Demonstrating the value of marketing, winning as a company and as a marketer

How do you demonstrate the value of marketing? We live in a world of ‘Big Data’ and have dozens of apps and tools to measure the results of our marketing but drown in that huge pile of information. BCG states that marketers struggle to demonstrate value because they fundamentally do not answer the right questions. The result is that management does not see the right data and therefore does not see the benefit of new techniques; the organization misses opportunities. But how do you actually demonstrate the value of marketing?

This topic is close to our hearts. We see companies missing opportunities by not using certain resources, simply because they cannot prove what it delivers. A shame.

More marketing techniques and channels create complexity

We come from a much simpler time: impressions. Through radio, TV, and ads in magazines or newspapers, impressions could be purchased; at trade shows, we collected cards. The result was shown on one PowerPoint slide. More money often resulted in more impressions or cards (leads). In a world of social media marketing, content marketing, SEO, and influencer marketing, it’s not that simple anymore. The value of an impression varies, you no longer collect cards or only very late in the customer journey. Marketers faithfully collect all that data and build complex presentations to make their results transparent. The result is that management and other departments drop out: too complex.

Value of marketing: essential questions

That complexity is understandable, BCG states, marketers do not answer the right questions. Fortunately, the right questions are not the hardest:

  1. Do we measure and track both the short- and long-term value of marketing?
  2. Does that provide answers and insights that can lead to action?
  3. Are these understandable and credible for the CEO, CFO, and the rest of the organization?

If the answer to any of these is no, you need to go back to the drawing board.

Complexity is the enemy

Back to the amount of data and tools; which do you really need? From the essential questions, probably a number of KPIs have emerged that precisely represent the value of marketing for the organization. Select the data and tools needed to make these transparent and use them in the reporting. Cut the rest:

“… marketing leadership should avoid the temptation to aim for perfection rather than confidence. That is, instead of striving for the ideal, it is far more effective and practical to apply the necessary ­resources to develop and build consensus around a simple set of metrics and tools that do the job well and that will consistently demonstrate value and improvement.” – BCG, 2017

4 rules to connect the value of marketing with actual results

waarde van marketing meten1. Don’t check your own homework

As an organization, determine based on which data marketing will be evaluated. This prevents you from getting bogged down in metrics that only marketing understands from tools nobody trusts.

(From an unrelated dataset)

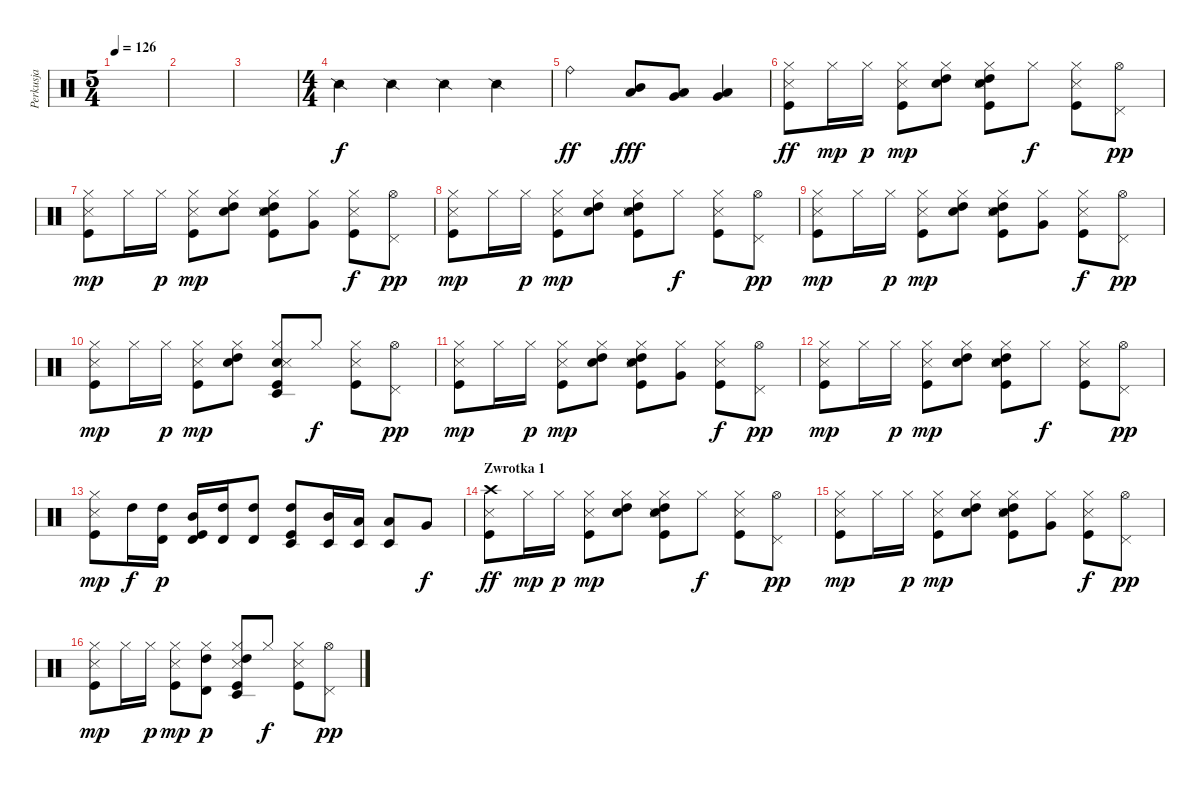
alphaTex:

2. Establish a ‘measurement and decision architecture’

Determine how measurement is done and which decisions are made based on it. This ensures uniformity and clarity, which removes much discussion.

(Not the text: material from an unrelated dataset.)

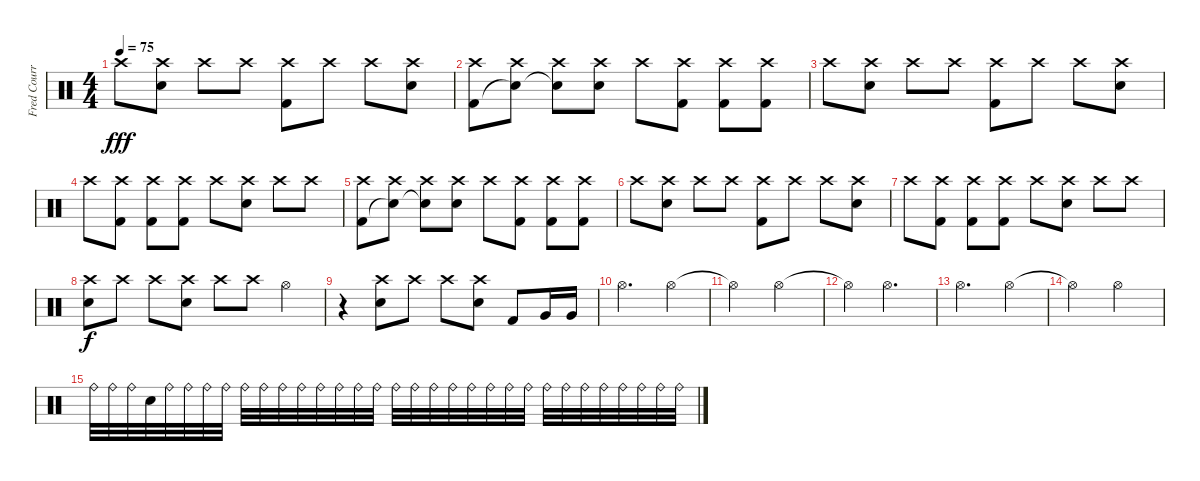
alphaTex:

3. Explicitly choose metrics and tools

Which figures and tools do you use to gain the necessary insights? This is the point we made earlier; less is more.

4. Think long-term

Even with simple KPIs and measurement methods, it will take some time for the organization to get used to it, so make sure this does not change annually. That forces you to choose KPIs that are channel- or expression-independent, harder but not difficult.

Value of marketing: the goal

Measuring and accounting is of course not a goal in itself; ultimately, it is about the contribution to the organization’s performance. By making the value of marketing transparent, other departments understand the contribution/added value marketing delivers and are more likely to use it integrally. This increases the return on marketing efforts. At the same time, it ensures that the different departments pursue the same goal, which in English is called ‘alignment’.

For you as a marketer, it naturally means more understanding, space, and opportunities for innovation. A new channel that is excellent for improving a certain KPI? You can now explain that much more easily.